Evaluating the film from a more detached perspective, I find the narrative to be too lopsided, containing too many asides, too many verbose monologues, and witty but distracting dialogues, which explain why “Django Unchained” cloaks is at close to three hours.
Due to the film’s shifty tone, anachronistic language, fabricated subplots and manipulative stylistic devices, it’s hard to take “Django Unchained” seriously as a dramatic feature or a revisionist take on the painful issue of slavery, which has mostly been whitewashed or softened by white filmmakers. Though known for his affinity with black culture and music, Tarantino has made a fictional, movieish work that’s more significant in the allusions that it makes to other films and directors than to history or politics.
As expected from a Tarantino picture, the language is foul, racy and racist. The dialogue containes at least 100 instances of the n-word, which is spoken by both racist whites and black characters (including the one played by Samuel Jackson). Tarantino claims that, placed in historical context, the overuse of the n-word is justified, but I still expect it to generate debate among historians and intellectuals.
The excessive running-time not only limits the number of theatrical presentations per day, but also derails the picture from its main thematic concerns to the point where at least half a dozen scenes call too much attention to themselves as individual parts that do not service well the picture as a whole.

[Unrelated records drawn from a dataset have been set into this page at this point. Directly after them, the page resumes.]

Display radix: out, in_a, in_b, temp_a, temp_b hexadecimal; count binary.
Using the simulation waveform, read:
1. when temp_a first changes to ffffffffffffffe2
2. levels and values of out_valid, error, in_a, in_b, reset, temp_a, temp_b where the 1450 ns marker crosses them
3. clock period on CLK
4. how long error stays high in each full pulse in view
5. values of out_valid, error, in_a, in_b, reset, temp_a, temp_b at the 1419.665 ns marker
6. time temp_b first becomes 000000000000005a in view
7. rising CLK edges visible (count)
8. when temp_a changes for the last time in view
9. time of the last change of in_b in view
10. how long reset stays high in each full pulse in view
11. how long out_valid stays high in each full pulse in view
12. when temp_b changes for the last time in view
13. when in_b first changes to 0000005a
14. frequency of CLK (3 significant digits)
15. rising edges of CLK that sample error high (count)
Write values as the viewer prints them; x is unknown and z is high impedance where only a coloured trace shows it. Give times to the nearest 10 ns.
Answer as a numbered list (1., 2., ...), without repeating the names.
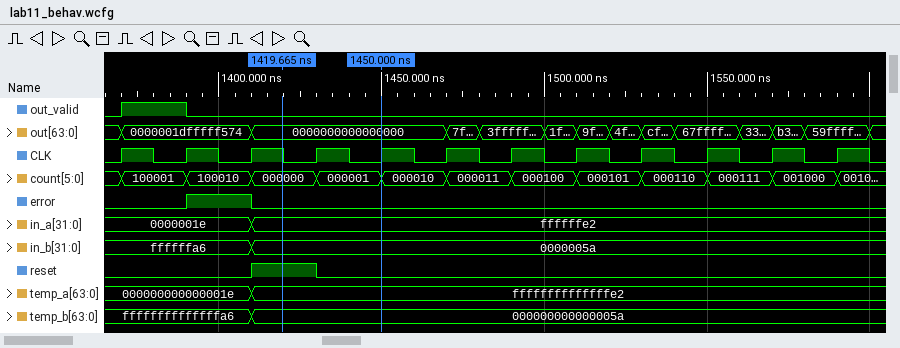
1. 1410 ns
2. out_valid=0, error=0, in_a=ffffffe2, in_b=0000005a, reset=0, temp_a=ffffffffffffffe2, temp_b=000000000000005a
3. 20 ns
4. 20 ns
5. out_valid=0, error=0, in_a=ffffffe2, in_b=0000005a, reset=1, temp_a=ffffffffffffffe2, temp_b=000000000000005a
6. 1410 ns
7. 12
8. 1410 ns
9. 1410 ns
10. 20 ns
11. 20 ns
12. 1410 ns
13. 1410 ns
14. 50.0 MHz
15. 1

The best performance in the film is given by DiCaprio, as the Southern scion Calvin Candie, a smooth-talking, hypocritical, elegant gentleman who would do Hitchcock’s villains proud. Though he appears rather late in the proceedings, and plays a supporting role, DiCaprio, in his first outright villainous role, shines in every scene he is in.
The movie was largely shot in Melody Ranch, in Santa Clarita, California. Once owned by the cowboy star Gene Autry, the western town was used in classic movies and TV series, including “Stagecoach,” “High Noon,” and “Gunsmoke.”